O presidente da CCDR-Norte, Álvaro Santos, descreveu o momento como "histórico". Justificou a avaliação ao considerar que as zonas brancas representavam "uma desigualdade injusta e inadmissível" e salientou que esta assinatura marca o início de uma infraestrutura que comparou a uma "autoestrada do futuro".

Em Carrazeda de Ansiães, a escolha do local para a cerimónia teve também um significado simbólico. O presidente da Câmara, João Gonçalves, recordou que são os territórios de baixa densidade "os que mais sofrem com a falta de rede e os que mais vão beneficiar da intervenção".

O autarca apontou o exemplo do IC5, no sul do distrito de Bragança, onde se torna difícil manter uma chamada telefónica por muito tempo. Para João Gonçalves, esta falha "incomoda qualquer cidadão", mas tem impacto ainda maior em "empresários e profissionais que precisam de conectividade permanente". Por isso, defendeu que a chegada da fibra ótica "vai ser uma revolução" e poderá reforçar a competitividade e a atratividade do território.
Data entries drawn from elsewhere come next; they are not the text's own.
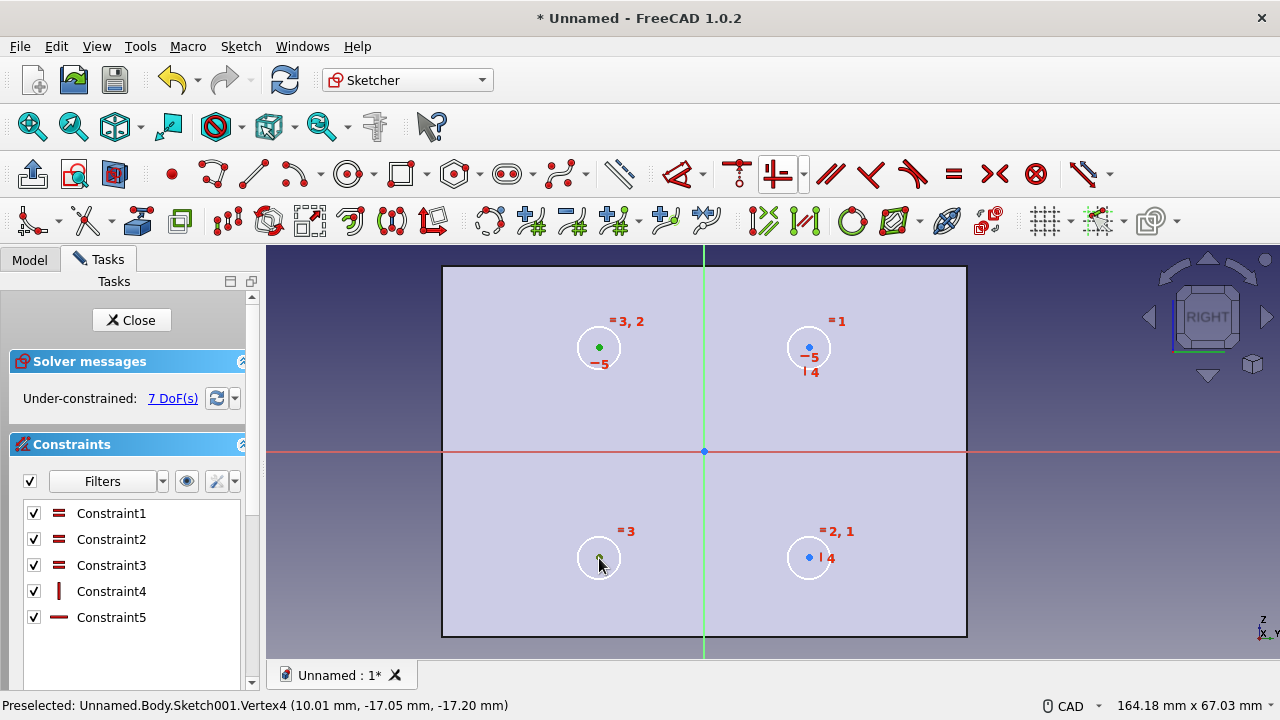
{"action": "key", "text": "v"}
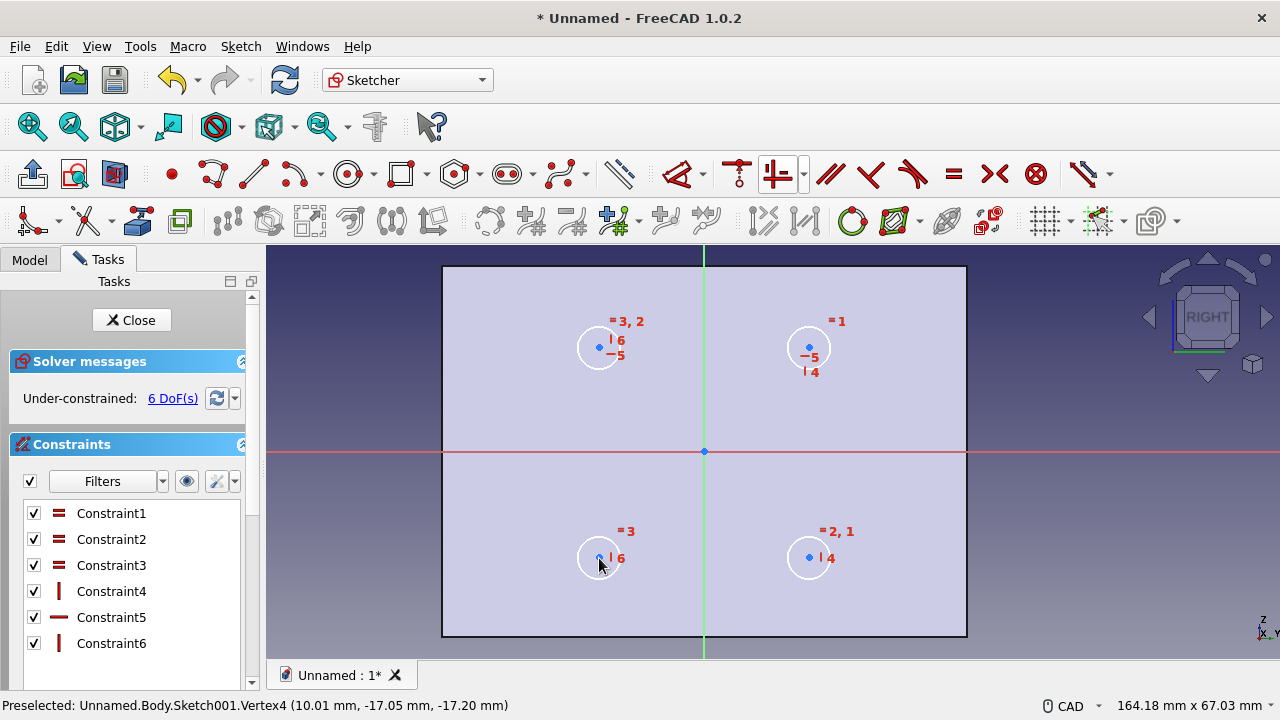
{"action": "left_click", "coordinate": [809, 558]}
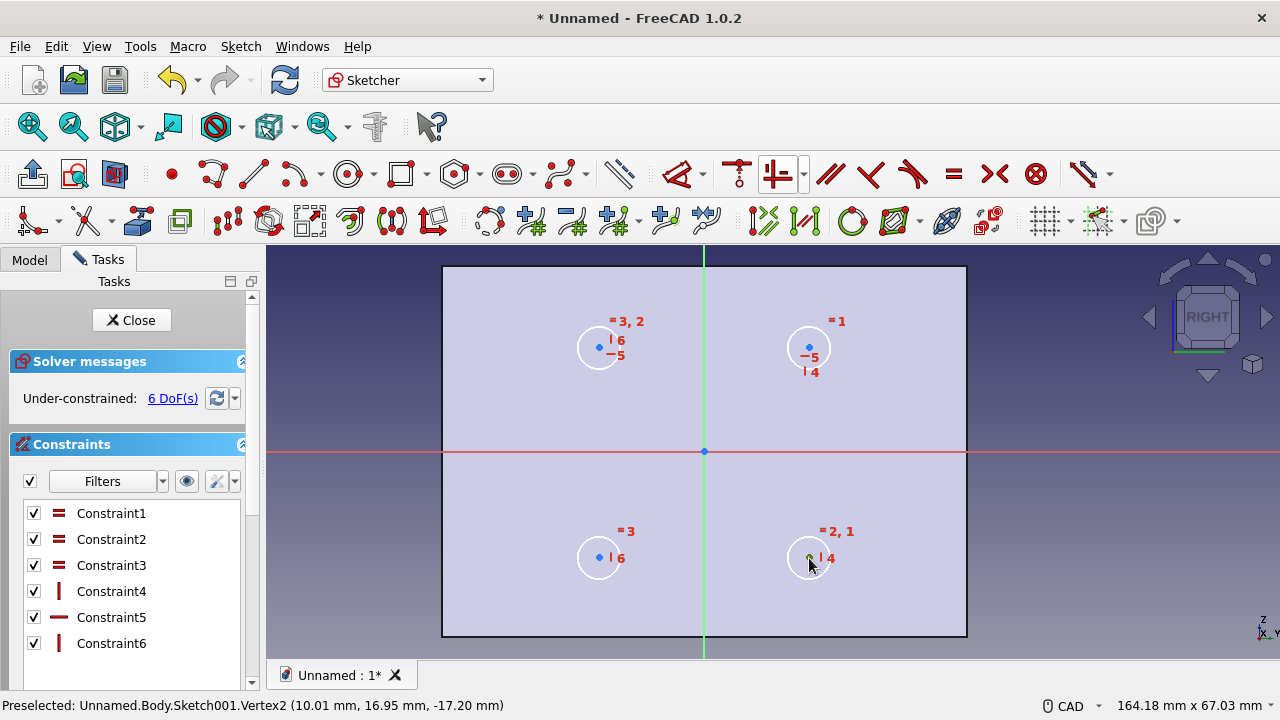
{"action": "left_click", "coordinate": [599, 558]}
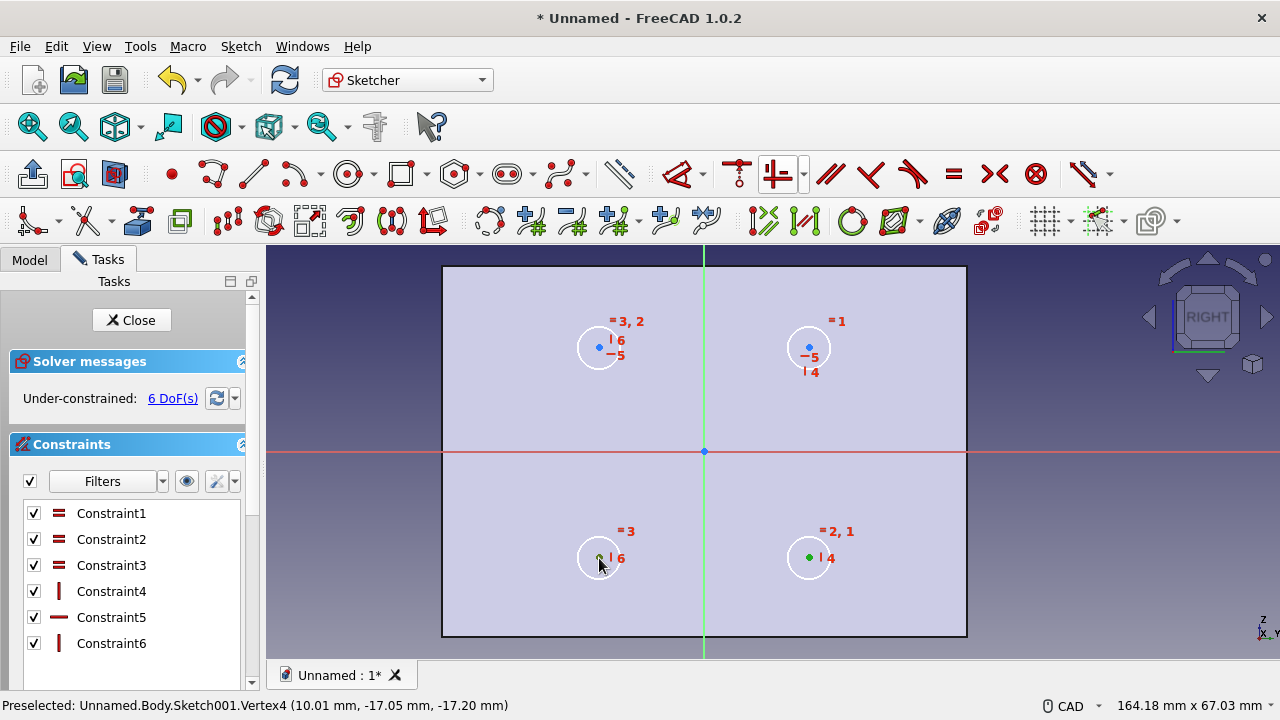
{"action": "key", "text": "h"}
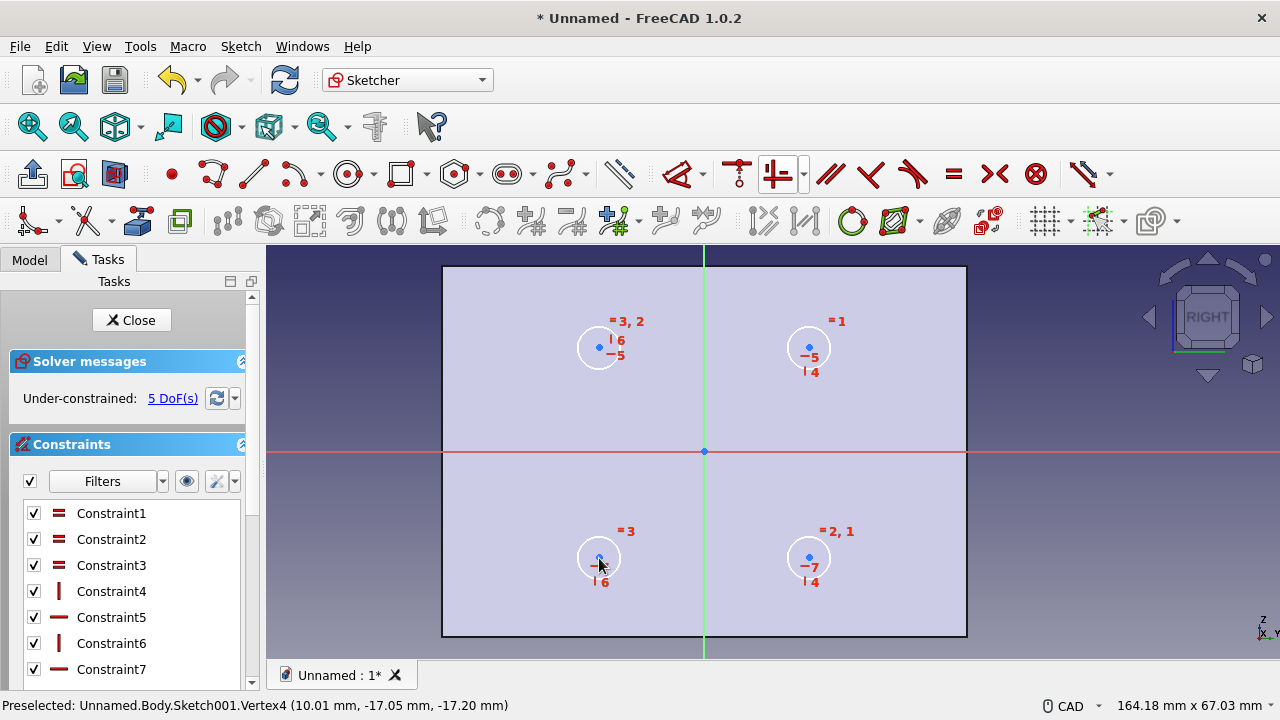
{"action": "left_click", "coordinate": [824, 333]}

João Gonçalves considera também que, com melhores ligações, o teletrabalho poderá tornar-se uma opção mais realista nos concelhos do Interior.

Rede disponível para todos os operadores

A DSTelecom ficará responsável pela construção da infraestrutura, mas não irá comercializar diretamente o serviço junto dos clientes finais. Ricardo Salgado, diretor-executivo da empresa, explicou que a rede será disponibilizada às operadoras de retalho e acrescentou que a solução permite levar "todos os operadores ao mesmo tempo" às zonas abrangidas, evitando que as populações fiquem dependentes de uma única empresa. A infraestrutura será preparada para suportar serviços acima de um gigabit por segundo.